4 responses to “How to Fight the Good Fight, Part II: Translate”

  1. Alli Polin says:

    I’ve seen people take an awareness of the triggers and, instead of using that awareness to translate, turn them into hot buttons to push over and over.

    Love how your story illustrates how our choices (and it is a choice!) influences outcomes.

    • Blair Glaser says:

      You always have such rich responses. It is so true that partners use vulnerabilities to dig at each other, especially when they don’t have a thorough or shared understanding of why they are together or what the partnership is really about. Thanks for stopping by again!

  2. Samantha says:

    You’ve shared such a great example of a common issue between couples who live together Blair. Especially during the seasons in life when there are children. Both partners (as human beings) run out of energy with demands of job and family, and often times, the relationship as a couple tends to creep towards the bottom of the list of priorities. Both are exhausted. Both have an empty tank and both needing and not really have easy opportunities to grab a moment of self-care in order to replenish internal supplies.
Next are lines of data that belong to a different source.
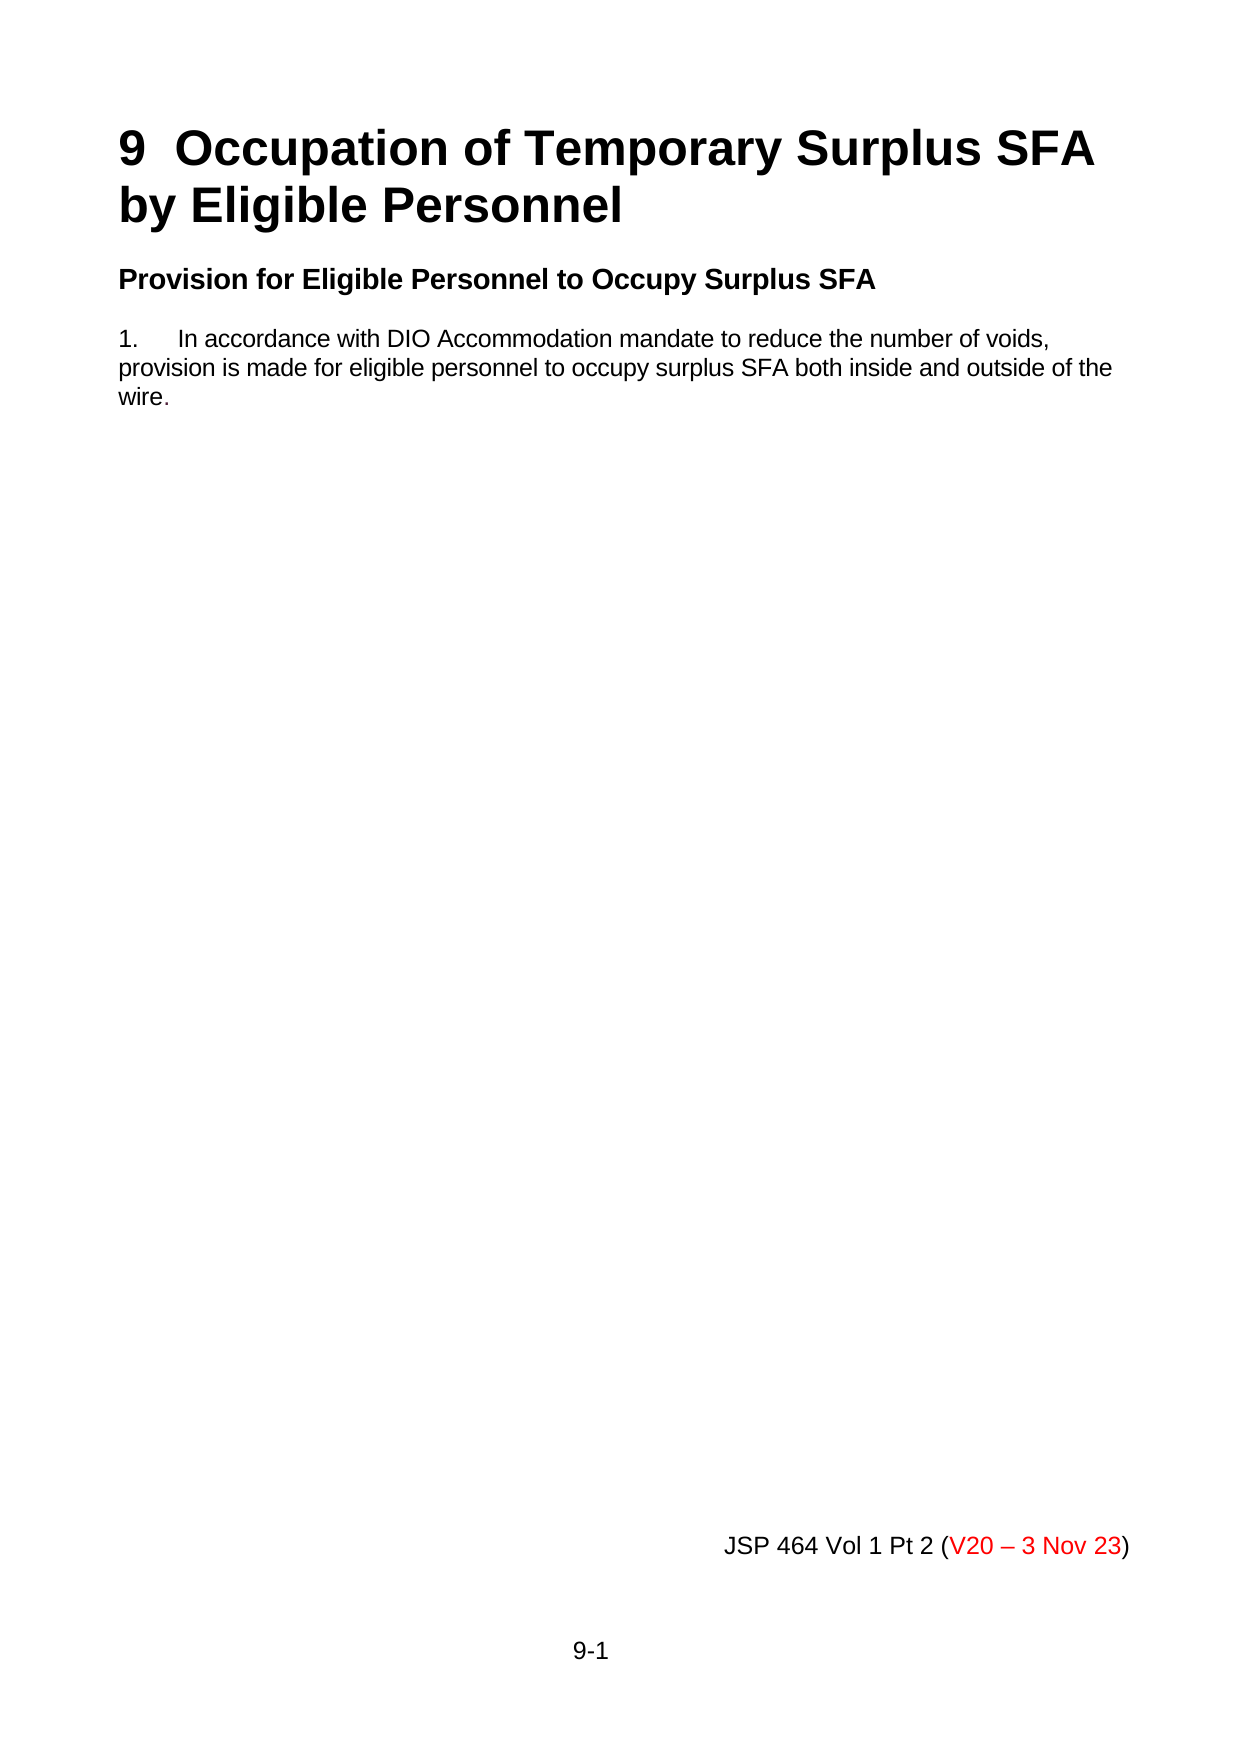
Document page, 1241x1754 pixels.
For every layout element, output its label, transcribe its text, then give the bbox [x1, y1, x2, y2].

subtitle Provision for Eligible Personnel to Occupy Surplus SFA [118, 262, 1122, 295]
subtitle 1. In accordance with DIO Accommodation mandate to reduce the number of voids, provision is made for eligible personnel to occupy surplus SFA both inside and outside of the wire. [118, 324, 1122, 410]
text 9 Occupation of Temporary Surplus SFA by Eligible Personnel [118, 118, 1122, 233]
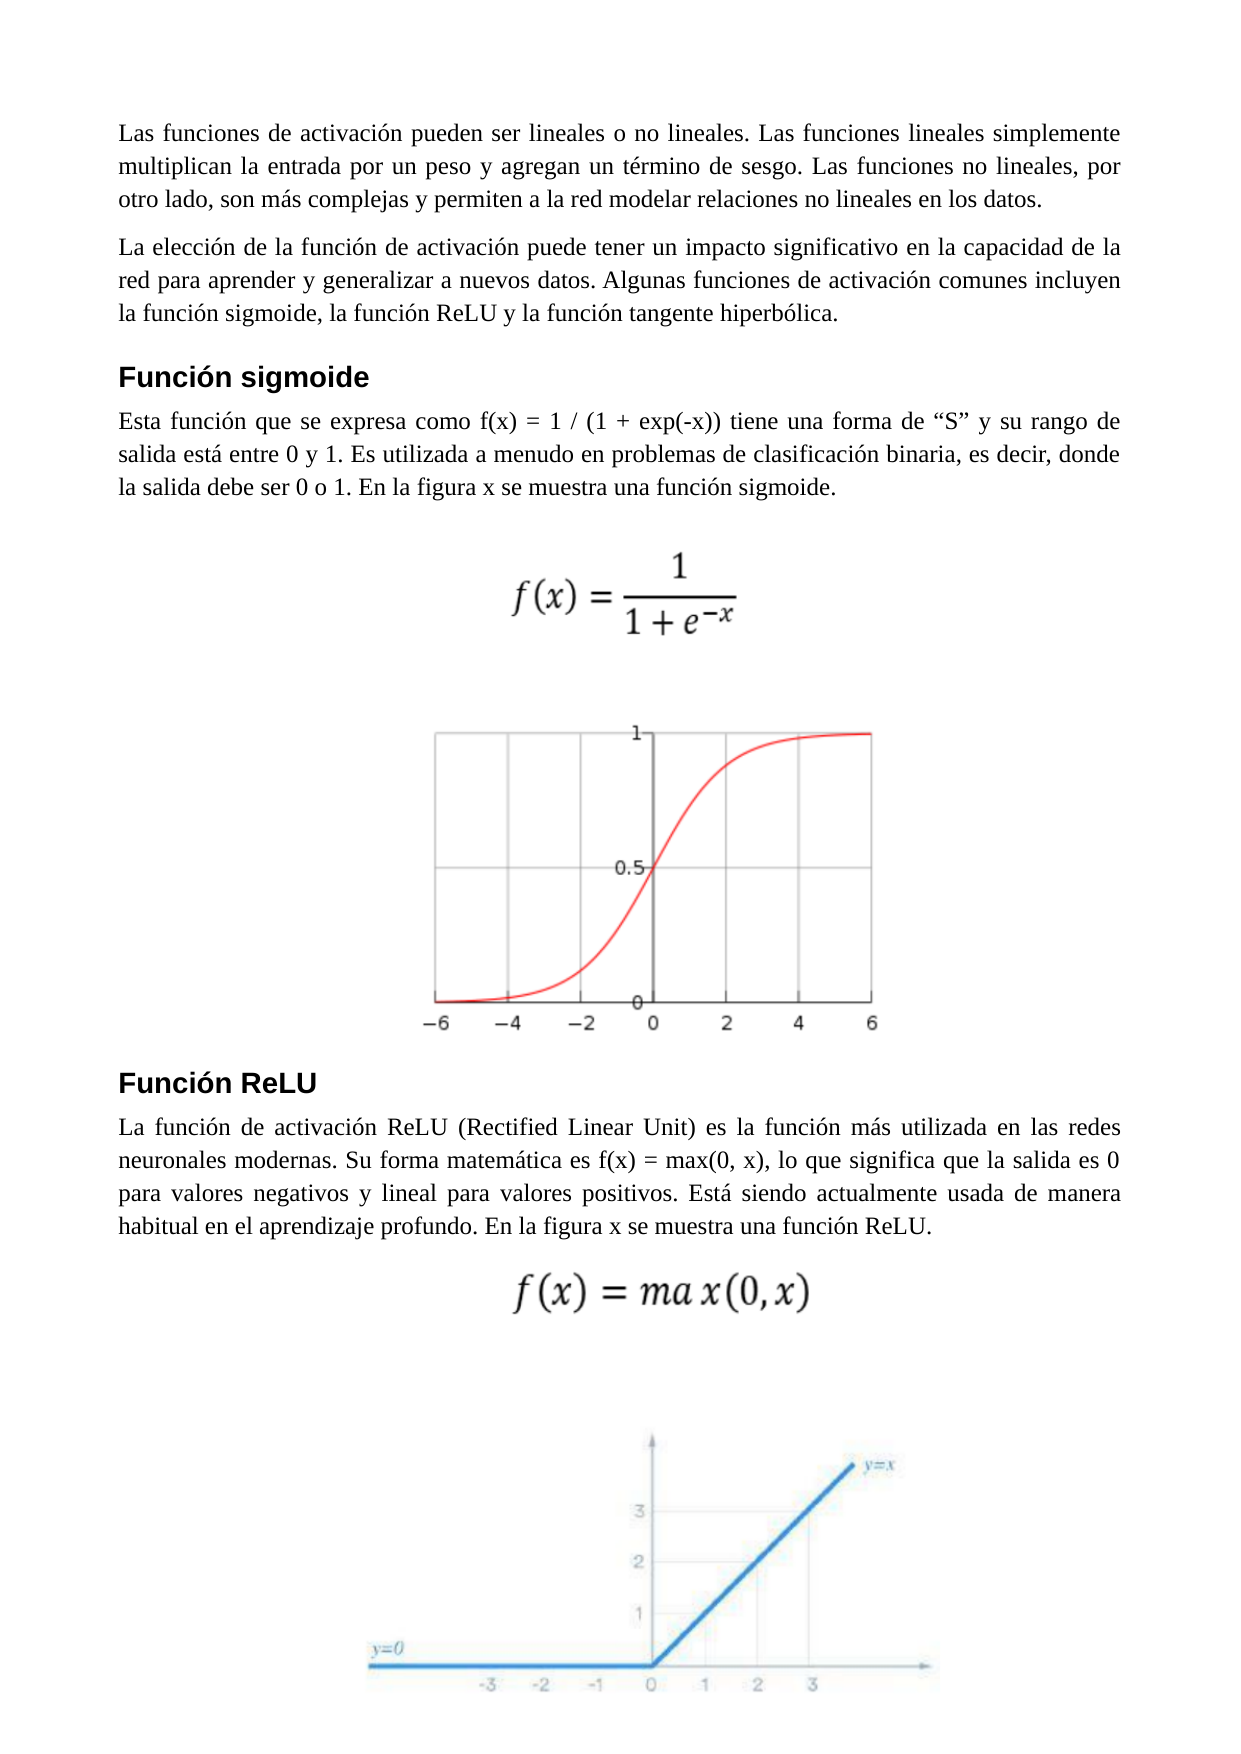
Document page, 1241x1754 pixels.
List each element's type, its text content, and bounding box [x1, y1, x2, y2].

    Alli brought up a VERY great point as well….and all too common. This is probably the #1 reason most people have a difficult time being vulnerable and resist it. Many people want/need to be vulnerable. Yet each time an attempt is made to let down that guard, all’s it takes is yet another person to intentionally take advantage of those buttons can cause those shields to go back up again.

    In every relationship we have, we take a risk. Are we going to create a conscious loving relationship here? Or is this going to turn into another episode straight out of The Art of War? haha

    Thanks for sharing.

    • Blair Glaser says:

      Dear Samantha,
      Thanks for bringing a rich perspective to this post, with your insights on resources, vulnerability and risk. I do hope my ideas about leadership and intimacy, especially the skill of translating, are able to help some couples find ways of relating and connecting that steer away from the default and destructive patterns we tend towards when purpose and values are not clearly articulated. Thanks again for stopping by and for your comment.